Fewer Fiscal and Monetary Surprises Ahead
One of the most important developments for markets is the gradual improvement in the U.S. fiscal picture. While deficits remain elevated, they are shrinking as a percentage of GDP from the historic highs reached during the COVID period. This fiscal stabilization is helping anchor longer-term interest rates and reduce tail risks.
At the same time, Treasury Secretary Scott Bessent has articulated a new Federal Reserve philosophy that is less activist and more restrained. His comments suggest that the upcoming Fed Chair appointment process in May should be smooth, alleviating fears of institutional disruption or politicized monetary policy.

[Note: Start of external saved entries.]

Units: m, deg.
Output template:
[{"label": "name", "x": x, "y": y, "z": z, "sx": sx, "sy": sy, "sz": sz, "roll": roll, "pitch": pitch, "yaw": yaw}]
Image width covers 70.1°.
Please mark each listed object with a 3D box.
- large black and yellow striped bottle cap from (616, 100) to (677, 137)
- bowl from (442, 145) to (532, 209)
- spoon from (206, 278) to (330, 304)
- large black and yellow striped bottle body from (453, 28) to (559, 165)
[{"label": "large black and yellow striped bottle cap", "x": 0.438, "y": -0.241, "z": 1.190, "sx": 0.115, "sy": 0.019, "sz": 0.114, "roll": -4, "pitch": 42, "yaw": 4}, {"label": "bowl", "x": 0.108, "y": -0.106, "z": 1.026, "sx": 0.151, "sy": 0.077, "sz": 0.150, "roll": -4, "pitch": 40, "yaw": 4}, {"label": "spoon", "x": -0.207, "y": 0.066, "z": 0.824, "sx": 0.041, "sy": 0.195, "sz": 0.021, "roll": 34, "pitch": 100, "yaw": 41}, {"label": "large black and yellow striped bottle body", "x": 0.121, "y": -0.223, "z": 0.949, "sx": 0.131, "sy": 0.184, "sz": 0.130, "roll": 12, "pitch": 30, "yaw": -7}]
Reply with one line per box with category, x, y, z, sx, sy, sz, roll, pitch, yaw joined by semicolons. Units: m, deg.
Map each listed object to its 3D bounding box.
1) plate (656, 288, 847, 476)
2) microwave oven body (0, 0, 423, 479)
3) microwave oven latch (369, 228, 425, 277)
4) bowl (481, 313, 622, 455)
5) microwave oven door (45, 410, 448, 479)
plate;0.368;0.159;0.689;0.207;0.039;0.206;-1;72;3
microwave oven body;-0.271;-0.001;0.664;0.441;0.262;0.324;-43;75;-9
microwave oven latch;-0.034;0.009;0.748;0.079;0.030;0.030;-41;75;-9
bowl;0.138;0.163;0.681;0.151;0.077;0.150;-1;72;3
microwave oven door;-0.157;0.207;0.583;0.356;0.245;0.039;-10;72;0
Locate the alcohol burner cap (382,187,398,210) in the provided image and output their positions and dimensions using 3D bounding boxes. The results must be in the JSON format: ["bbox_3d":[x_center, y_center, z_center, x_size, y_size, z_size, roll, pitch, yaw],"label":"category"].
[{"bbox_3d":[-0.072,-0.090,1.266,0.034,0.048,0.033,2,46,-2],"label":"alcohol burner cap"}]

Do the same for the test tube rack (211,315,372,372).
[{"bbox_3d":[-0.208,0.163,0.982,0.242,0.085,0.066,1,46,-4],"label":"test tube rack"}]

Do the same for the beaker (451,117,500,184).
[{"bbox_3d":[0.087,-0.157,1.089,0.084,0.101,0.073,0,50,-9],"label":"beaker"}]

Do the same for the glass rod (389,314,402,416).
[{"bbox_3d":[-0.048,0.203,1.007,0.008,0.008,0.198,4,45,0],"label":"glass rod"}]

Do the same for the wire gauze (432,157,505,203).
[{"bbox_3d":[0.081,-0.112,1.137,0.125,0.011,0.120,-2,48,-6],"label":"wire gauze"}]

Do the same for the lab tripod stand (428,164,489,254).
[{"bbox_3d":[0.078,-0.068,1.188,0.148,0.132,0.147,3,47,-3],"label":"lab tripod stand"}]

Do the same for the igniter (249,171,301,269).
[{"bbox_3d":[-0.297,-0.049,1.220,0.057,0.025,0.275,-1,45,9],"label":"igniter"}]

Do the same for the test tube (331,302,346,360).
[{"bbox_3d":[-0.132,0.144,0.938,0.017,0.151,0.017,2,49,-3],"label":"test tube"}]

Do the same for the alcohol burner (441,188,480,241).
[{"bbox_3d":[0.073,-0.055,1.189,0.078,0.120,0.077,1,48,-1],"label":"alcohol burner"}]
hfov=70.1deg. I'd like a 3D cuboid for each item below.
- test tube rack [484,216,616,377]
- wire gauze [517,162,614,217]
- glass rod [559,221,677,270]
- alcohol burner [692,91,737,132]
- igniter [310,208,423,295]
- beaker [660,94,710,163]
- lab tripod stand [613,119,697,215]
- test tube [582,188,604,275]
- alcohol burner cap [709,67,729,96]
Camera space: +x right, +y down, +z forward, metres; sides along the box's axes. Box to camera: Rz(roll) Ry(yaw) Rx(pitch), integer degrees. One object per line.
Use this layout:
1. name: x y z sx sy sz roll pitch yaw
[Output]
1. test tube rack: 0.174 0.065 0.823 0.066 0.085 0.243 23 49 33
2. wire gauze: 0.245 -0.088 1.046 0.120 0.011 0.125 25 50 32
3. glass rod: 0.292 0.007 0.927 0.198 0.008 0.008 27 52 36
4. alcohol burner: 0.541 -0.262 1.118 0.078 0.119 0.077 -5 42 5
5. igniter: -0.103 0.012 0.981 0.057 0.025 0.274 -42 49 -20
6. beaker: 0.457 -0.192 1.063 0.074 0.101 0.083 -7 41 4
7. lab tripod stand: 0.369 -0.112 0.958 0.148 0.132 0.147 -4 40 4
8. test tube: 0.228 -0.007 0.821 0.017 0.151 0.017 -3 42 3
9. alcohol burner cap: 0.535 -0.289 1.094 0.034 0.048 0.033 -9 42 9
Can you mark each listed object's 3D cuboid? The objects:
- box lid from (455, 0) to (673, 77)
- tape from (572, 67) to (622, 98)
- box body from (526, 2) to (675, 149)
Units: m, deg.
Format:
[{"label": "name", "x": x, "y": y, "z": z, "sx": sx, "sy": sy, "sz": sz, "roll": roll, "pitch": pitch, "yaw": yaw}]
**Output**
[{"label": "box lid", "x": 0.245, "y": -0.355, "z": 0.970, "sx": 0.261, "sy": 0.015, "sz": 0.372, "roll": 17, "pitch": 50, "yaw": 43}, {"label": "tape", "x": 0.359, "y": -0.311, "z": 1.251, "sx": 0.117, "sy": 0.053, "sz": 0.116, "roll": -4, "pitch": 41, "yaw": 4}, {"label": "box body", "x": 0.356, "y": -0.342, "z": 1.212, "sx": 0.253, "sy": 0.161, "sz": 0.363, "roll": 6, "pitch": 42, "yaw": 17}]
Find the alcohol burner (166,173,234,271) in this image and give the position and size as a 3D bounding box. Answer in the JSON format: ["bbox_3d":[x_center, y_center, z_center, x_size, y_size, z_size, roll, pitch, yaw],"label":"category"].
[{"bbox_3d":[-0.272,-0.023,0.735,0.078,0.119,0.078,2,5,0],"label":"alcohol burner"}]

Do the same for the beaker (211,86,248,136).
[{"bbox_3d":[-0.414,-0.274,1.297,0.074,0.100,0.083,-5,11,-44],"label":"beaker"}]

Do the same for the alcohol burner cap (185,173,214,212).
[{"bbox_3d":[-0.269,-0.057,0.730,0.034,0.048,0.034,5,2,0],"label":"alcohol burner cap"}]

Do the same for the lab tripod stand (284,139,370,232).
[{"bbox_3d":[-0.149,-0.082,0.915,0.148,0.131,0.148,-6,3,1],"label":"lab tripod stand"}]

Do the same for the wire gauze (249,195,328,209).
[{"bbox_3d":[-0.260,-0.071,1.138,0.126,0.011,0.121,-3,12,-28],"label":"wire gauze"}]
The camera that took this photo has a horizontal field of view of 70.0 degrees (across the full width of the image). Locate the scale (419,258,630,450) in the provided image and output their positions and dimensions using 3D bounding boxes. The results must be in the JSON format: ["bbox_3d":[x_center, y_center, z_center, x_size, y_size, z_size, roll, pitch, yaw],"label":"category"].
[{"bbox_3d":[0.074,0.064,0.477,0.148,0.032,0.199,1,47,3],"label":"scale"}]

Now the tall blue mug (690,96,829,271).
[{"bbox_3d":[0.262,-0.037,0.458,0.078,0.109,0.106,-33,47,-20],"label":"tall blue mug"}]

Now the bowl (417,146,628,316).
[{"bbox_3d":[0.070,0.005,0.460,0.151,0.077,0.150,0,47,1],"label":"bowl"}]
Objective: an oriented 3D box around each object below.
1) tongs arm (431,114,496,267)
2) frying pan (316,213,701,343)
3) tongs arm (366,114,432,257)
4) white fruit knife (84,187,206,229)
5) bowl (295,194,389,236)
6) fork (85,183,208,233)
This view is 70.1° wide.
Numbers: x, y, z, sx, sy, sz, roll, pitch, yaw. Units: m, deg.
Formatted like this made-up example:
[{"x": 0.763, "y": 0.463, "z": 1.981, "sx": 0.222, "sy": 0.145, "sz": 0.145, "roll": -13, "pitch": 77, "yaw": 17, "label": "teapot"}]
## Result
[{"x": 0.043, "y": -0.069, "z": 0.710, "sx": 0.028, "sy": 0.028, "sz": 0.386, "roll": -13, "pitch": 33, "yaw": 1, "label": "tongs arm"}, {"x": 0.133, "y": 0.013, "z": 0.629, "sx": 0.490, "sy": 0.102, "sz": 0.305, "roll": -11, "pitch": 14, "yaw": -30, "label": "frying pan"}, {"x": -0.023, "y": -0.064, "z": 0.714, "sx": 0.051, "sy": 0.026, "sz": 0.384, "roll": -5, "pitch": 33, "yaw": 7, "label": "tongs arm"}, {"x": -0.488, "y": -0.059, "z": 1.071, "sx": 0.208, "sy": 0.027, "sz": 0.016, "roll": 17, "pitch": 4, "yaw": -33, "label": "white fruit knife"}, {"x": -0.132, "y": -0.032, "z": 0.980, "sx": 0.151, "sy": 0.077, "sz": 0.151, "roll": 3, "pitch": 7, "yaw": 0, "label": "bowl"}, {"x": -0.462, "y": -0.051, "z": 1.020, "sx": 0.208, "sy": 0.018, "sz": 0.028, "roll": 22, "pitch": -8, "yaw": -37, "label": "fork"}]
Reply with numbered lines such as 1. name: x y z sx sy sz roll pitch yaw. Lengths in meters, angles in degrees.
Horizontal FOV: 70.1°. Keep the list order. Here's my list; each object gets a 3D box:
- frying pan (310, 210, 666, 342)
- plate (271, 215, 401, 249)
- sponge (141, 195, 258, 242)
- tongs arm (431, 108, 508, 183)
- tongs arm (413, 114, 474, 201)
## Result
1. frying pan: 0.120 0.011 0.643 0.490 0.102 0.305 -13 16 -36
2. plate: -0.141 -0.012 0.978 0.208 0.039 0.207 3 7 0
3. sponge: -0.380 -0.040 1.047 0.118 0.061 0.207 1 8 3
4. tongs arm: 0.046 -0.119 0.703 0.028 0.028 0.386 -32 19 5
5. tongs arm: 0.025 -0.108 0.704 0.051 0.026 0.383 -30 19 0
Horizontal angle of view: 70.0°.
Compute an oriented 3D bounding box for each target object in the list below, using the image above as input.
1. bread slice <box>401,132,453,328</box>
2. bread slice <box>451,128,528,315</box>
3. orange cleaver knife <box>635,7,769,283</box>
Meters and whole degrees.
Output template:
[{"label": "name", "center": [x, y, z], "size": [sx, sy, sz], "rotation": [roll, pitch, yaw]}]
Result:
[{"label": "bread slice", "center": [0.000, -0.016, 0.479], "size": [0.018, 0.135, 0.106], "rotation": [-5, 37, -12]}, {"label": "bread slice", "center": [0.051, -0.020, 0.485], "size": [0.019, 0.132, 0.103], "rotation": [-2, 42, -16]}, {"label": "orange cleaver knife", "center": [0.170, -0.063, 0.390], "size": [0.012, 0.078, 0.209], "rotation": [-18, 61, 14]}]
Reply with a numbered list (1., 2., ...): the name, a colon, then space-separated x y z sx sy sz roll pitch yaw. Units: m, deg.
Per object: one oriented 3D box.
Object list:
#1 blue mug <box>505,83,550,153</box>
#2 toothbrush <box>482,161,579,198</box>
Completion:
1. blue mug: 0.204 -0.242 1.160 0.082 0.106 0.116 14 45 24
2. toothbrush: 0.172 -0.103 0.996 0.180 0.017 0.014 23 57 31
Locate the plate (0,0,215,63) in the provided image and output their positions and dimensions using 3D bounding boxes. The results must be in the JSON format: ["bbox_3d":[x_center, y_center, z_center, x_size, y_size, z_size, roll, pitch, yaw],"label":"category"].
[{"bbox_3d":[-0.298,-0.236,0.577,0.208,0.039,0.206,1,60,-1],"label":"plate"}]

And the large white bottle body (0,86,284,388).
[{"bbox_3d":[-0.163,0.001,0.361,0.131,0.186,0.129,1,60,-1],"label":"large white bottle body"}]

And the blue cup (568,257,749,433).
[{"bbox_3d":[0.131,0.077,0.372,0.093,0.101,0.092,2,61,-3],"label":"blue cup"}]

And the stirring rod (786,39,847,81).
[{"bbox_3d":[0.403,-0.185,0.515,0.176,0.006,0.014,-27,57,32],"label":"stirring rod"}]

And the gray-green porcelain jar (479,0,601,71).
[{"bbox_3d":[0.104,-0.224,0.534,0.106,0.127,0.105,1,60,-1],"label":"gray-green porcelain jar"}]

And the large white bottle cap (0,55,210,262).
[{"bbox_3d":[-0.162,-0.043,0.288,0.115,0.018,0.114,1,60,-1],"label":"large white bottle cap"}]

On rates, Bessent’s characterization of current interest levels as “normal” is telling. Markets should not expect aggressive or destabilizing short-term rate cuts in 2026. Instead, the outlook points to steady policy, modest adjustments, and fewer shocks—another contributor to improved visibility.
AI Bubble Has Popped, Creating Good Setup
After a sharp selloff in selected AI-related stocks late last year, the AI trade looks more attractive today than it did at the “nosebleed” levels seen in October. Importantly, the correction has occurred even as underlying demand for compute, tokens and productivity gains remain strong.
Adjacent themes, such as nuclear power tied to AI-driven electricity demand, have also repriced meaningfully. In our view, this reset improves the risk-reward profile for investors with a medium-term horizon.